Description of the task: Transcribe the data below verbatim from the line with "The horizontal FOV is 60.0°." to the line with "Output: one line". Include both of those lines.

Supplied entries:

----------------------------------------

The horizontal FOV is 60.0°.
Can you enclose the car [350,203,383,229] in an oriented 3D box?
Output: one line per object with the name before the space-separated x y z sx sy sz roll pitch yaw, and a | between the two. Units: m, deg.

----------------------------------------

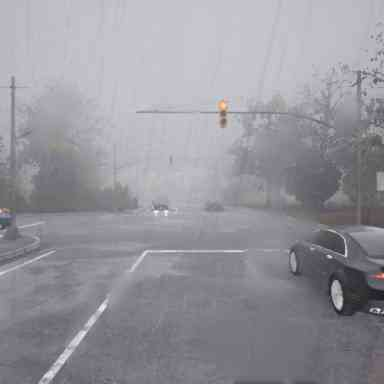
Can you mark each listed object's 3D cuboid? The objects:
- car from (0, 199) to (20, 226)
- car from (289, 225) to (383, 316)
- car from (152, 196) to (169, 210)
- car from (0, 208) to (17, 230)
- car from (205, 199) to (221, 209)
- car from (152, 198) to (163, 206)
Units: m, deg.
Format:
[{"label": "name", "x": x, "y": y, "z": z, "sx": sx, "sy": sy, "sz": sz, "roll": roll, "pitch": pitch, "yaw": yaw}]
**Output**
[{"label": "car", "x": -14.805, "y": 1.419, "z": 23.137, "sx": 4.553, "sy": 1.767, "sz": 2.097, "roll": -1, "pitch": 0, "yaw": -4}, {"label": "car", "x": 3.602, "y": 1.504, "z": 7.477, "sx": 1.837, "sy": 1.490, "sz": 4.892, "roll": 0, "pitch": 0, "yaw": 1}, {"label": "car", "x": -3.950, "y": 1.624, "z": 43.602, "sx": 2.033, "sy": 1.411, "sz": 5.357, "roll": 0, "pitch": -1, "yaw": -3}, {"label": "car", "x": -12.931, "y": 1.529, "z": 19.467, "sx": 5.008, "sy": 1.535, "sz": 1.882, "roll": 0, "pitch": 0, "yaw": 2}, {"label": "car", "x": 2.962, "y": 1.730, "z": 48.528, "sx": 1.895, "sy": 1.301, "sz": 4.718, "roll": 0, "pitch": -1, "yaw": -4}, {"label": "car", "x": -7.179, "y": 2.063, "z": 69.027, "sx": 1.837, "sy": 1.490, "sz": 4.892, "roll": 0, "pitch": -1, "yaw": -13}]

----------------------------------------

Your solution:
The horizontal FOV is 60.0°.
Can you enclose the car [350,203,383,229] in an oriented 3D box?
Output: one line per object with the name before the space-separated x y z sx sy sz roll pitch yaw, and a | between the two. Units: m, deg.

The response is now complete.